_Provided entries_.
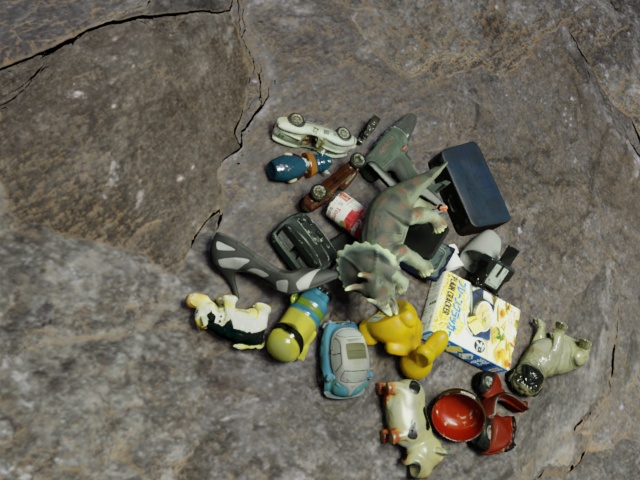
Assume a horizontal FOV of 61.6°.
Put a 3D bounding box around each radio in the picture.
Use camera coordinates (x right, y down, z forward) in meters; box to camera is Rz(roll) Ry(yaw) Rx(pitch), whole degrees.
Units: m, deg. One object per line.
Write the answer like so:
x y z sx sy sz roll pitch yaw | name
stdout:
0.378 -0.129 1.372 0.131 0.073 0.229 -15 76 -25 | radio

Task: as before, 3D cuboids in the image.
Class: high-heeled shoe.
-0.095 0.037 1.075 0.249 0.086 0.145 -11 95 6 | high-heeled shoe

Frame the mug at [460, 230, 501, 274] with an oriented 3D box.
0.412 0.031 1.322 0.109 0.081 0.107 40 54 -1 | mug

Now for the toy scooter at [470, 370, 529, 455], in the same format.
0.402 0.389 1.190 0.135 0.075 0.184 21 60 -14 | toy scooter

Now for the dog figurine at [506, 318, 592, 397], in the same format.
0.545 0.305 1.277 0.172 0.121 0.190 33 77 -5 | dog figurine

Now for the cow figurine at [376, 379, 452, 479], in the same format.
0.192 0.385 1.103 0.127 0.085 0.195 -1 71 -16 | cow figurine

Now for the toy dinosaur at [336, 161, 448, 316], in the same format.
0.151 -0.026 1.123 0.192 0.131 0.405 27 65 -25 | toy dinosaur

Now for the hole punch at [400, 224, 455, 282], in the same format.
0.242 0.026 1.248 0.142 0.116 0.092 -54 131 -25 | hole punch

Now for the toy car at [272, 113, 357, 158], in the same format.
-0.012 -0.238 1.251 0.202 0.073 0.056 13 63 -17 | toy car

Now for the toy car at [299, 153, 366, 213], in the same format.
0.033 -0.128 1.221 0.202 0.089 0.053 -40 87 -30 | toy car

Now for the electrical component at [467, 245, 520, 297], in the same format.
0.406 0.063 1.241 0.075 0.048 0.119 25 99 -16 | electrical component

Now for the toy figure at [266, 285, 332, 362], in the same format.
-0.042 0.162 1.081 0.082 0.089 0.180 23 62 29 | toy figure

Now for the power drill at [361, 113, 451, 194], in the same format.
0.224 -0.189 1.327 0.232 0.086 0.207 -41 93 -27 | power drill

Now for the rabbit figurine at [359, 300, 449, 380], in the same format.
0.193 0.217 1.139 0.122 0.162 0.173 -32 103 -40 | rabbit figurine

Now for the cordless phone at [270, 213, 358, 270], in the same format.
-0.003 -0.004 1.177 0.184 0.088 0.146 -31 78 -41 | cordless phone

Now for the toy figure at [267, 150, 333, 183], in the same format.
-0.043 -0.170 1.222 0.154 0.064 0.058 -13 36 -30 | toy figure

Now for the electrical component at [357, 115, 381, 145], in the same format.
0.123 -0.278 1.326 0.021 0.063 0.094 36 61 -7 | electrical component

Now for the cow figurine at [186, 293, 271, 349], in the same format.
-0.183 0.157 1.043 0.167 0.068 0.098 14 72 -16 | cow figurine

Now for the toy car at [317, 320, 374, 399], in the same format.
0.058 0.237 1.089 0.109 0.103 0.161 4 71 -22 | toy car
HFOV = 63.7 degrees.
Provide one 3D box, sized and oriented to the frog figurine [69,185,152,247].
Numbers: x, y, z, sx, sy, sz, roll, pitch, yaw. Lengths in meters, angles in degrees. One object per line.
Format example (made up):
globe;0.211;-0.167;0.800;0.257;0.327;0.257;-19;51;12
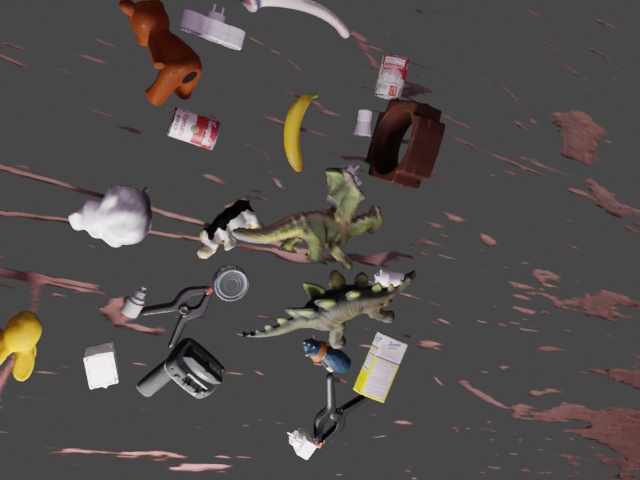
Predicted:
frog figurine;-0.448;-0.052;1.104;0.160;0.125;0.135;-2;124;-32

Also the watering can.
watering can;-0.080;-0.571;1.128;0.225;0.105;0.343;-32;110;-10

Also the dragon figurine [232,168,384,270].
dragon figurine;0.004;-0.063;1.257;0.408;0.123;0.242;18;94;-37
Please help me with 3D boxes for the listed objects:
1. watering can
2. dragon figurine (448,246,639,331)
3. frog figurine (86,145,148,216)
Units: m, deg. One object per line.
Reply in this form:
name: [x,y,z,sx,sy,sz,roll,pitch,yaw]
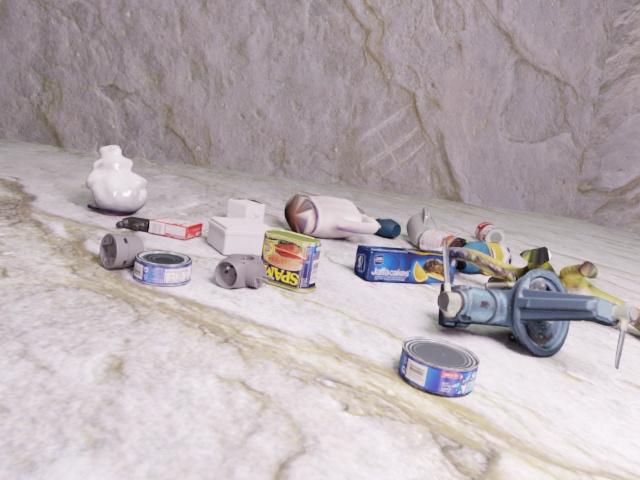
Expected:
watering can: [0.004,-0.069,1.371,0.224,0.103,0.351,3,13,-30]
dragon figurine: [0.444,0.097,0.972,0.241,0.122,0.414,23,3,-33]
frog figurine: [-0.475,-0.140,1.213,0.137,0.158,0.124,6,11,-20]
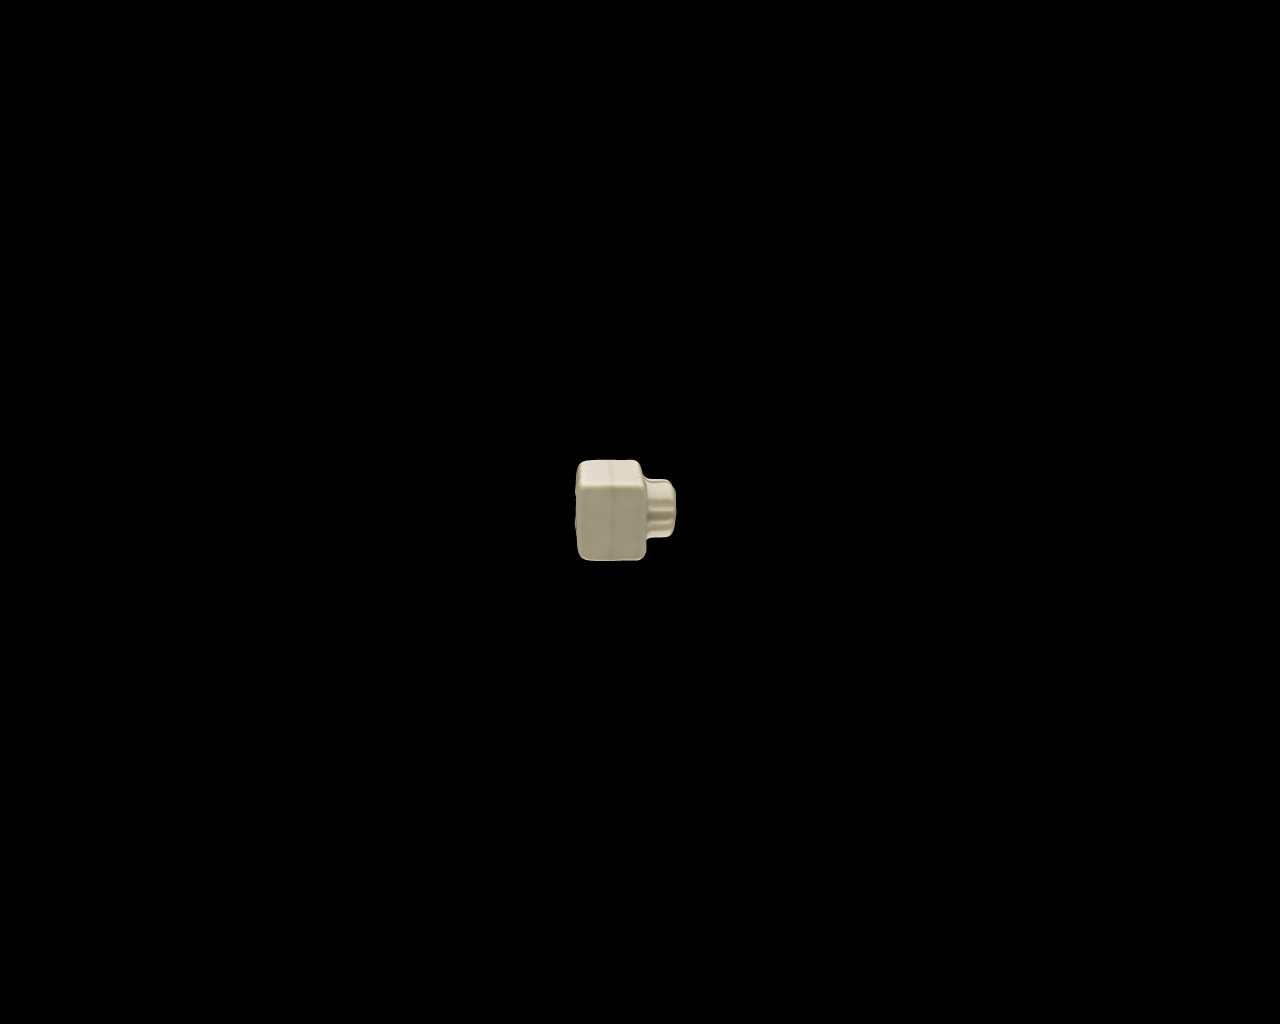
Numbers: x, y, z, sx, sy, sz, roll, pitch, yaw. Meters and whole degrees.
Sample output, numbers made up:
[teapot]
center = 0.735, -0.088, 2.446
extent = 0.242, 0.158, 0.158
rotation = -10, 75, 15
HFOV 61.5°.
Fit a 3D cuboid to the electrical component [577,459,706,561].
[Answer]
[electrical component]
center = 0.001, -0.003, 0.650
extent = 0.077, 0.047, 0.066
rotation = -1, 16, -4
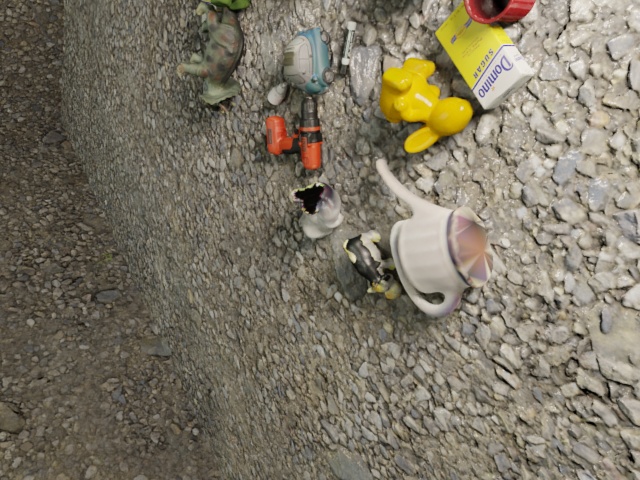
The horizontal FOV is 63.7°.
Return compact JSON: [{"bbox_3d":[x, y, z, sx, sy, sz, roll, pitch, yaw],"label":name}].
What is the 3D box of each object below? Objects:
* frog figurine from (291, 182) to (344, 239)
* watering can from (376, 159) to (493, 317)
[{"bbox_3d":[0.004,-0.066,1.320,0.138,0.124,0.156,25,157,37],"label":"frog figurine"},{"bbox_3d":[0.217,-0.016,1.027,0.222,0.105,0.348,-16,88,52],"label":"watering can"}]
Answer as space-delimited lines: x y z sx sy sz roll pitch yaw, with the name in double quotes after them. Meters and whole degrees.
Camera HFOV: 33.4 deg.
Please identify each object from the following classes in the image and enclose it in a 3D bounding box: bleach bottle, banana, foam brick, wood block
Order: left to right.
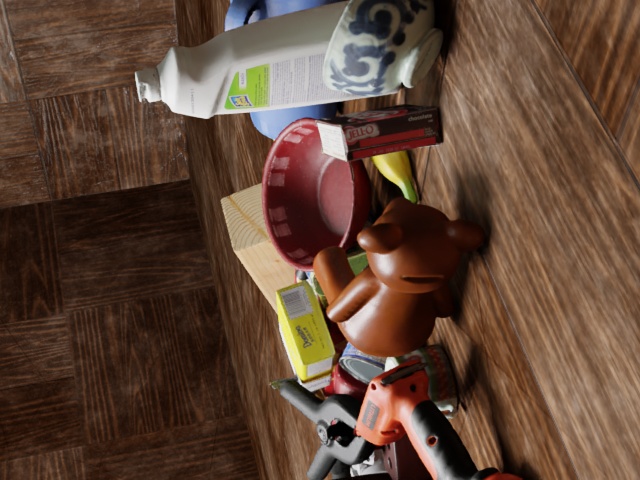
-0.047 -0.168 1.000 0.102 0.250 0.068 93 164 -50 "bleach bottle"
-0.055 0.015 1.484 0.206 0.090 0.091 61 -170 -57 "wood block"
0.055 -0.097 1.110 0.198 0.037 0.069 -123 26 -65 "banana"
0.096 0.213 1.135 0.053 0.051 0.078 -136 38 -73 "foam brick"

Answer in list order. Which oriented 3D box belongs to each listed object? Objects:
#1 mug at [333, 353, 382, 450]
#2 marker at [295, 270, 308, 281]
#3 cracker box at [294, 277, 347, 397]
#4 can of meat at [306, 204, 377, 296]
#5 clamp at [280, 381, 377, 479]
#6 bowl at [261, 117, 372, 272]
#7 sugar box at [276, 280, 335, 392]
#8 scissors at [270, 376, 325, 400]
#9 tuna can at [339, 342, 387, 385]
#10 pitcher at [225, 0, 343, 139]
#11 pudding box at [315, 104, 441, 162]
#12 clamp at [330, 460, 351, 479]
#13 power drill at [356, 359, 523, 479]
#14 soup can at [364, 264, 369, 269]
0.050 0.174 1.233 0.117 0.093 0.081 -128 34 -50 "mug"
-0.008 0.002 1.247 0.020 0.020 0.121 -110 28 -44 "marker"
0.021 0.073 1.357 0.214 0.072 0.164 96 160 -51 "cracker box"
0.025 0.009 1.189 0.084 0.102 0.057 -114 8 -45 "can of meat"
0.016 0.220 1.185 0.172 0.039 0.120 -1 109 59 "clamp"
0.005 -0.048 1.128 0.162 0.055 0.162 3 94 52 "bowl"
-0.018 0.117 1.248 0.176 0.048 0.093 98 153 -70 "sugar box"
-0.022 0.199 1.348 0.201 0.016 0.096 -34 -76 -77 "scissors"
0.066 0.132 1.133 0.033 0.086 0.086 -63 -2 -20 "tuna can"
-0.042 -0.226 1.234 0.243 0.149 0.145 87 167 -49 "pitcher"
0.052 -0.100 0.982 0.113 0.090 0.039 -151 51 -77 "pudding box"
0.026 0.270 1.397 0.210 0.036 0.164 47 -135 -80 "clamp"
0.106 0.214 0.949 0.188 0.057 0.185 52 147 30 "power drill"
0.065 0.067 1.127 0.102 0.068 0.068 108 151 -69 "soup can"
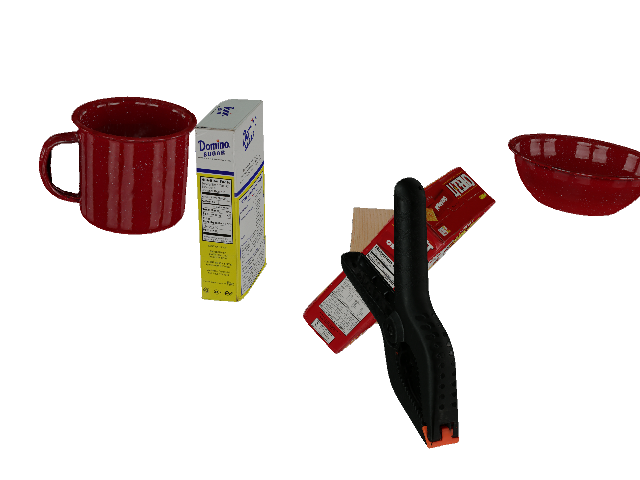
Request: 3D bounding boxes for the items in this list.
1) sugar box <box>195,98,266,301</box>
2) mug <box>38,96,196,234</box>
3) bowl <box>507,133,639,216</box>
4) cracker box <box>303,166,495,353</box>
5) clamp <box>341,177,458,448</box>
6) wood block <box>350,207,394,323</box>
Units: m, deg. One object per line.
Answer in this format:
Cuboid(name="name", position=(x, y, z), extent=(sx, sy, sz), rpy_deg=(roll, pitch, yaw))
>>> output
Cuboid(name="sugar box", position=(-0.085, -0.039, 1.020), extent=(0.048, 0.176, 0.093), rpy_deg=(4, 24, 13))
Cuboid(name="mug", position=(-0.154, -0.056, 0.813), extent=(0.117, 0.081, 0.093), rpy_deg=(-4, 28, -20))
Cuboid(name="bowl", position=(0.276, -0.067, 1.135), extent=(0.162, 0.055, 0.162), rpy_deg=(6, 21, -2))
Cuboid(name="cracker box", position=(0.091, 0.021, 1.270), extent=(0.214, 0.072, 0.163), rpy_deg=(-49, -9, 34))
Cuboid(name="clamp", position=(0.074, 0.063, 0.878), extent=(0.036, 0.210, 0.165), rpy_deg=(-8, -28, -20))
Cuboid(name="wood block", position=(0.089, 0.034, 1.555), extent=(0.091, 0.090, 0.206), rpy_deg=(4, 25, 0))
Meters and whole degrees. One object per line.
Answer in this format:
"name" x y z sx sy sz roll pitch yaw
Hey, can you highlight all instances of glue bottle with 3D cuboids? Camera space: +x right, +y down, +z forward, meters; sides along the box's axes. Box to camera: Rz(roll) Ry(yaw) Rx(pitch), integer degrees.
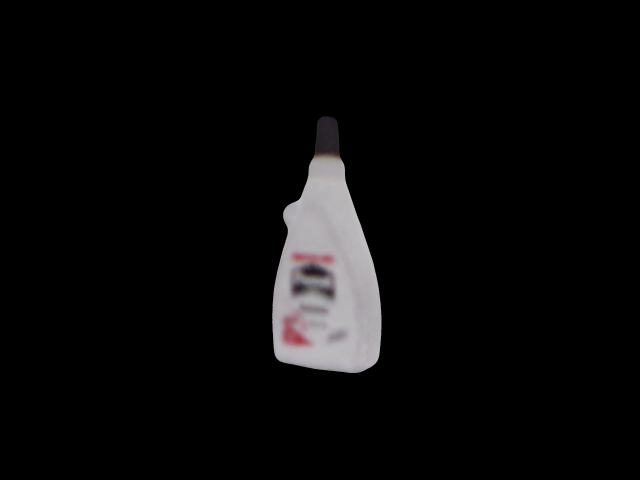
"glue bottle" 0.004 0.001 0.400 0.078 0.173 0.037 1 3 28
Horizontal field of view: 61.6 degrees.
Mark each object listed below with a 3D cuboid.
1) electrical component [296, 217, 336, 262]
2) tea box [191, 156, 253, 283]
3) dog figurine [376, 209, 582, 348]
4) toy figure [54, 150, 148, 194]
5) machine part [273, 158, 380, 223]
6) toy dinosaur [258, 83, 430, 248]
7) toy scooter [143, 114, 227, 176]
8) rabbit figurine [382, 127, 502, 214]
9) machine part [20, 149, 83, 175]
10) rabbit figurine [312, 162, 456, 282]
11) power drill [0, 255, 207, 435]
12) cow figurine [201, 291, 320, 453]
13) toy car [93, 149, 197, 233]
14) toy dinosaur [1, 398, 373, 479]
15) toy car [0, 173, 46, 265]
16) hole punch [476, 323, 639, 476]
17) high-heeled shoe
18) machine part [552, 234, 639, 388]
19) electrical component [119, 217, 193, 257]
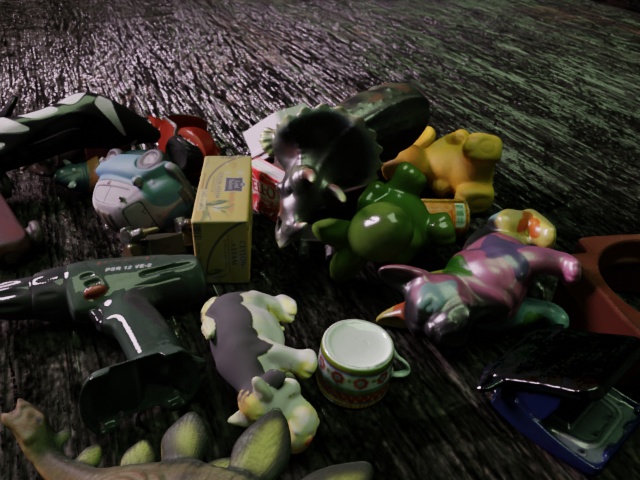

_What you have to do_. For each line above that contains "part", add one to a count, then state only the final number.

_Task solution_. 3